The poor are buried in plots of six. A smallish grave was added to the trench for the body of a baby boy, but the body wasn’t cleared by authorities for interment, so five were buried in the plot.

“We record them as they go in,” said Keesee. “Fifty years from now, if you want to find your Uncle Willie, you could.

“Three years ago, we buried a man out here. A year later, his sister called. She had hired a private investigator to find him,” Keesee recalled. “She said, ‘I’m not going to have him stay in a pauper’s grave. I want him moved.’ But she came here and changed her mind. She bought a headstone and moved on.”
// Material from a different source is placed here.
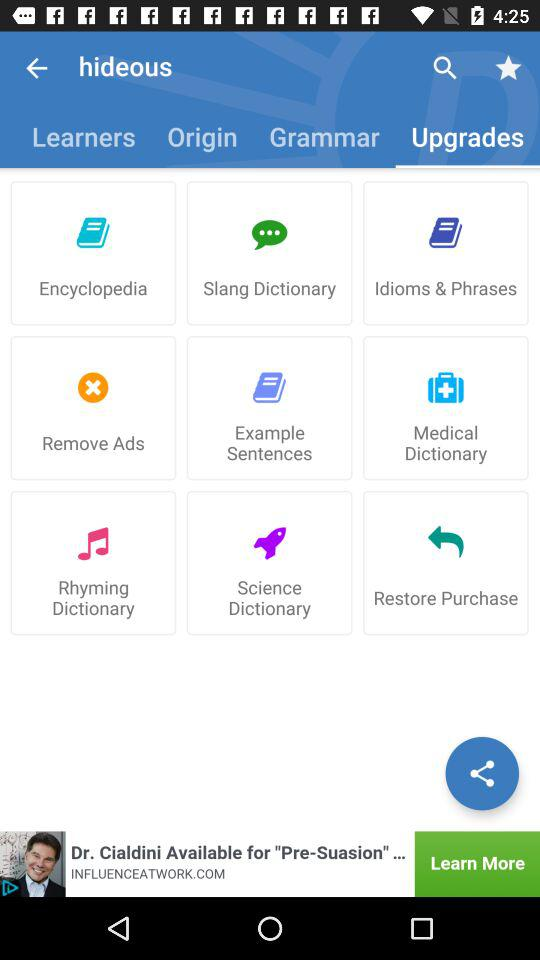Which tab am I on? You are on the "Upgrades" tab.

Keesee and Dawkins chatted amicably as an earth-mover finished the process. The two men, who meet twice a week, rain or shine, have gotten to be friendly, and we discussed the previous night’s Alabama-Clemson national championship game and other non-morbid topics.

We walked over a couple of the few marked graves from recent burials. One was a woman who died at 29, the other a 63-year-old man nicknamed “Junebug.”

“Most of these indigent people don’t live long,” said Keesee. “They live a pretty rough life. They worked all their lives, they never had money.”

Ms. Ortiz’s granddaughter, Miriam Sanchez, hadn’t heard of her passing until I called.

There was no split in the family, or anything like that. The 84-year-old lady just didn’t like to be a burden to others or even want them around. Sanchez had her grandmother live with her but the elderly woman moved out. And then changed her phone number.

Glenda Evans said her mother, Ruby Mae, 75, worked in a cotton mill when she was younger and died in December of breast cancer. Friends and family were able to scrape together enough money for a decent casket to get her buried weeks later.

Hopefully, in the spring, Glenda, a pre-k teacher, will get enough back in income tax refunds to afford a grave marker.

“I want to visit my mama,” Evans said.

It’s tough being poor. In life, and in death.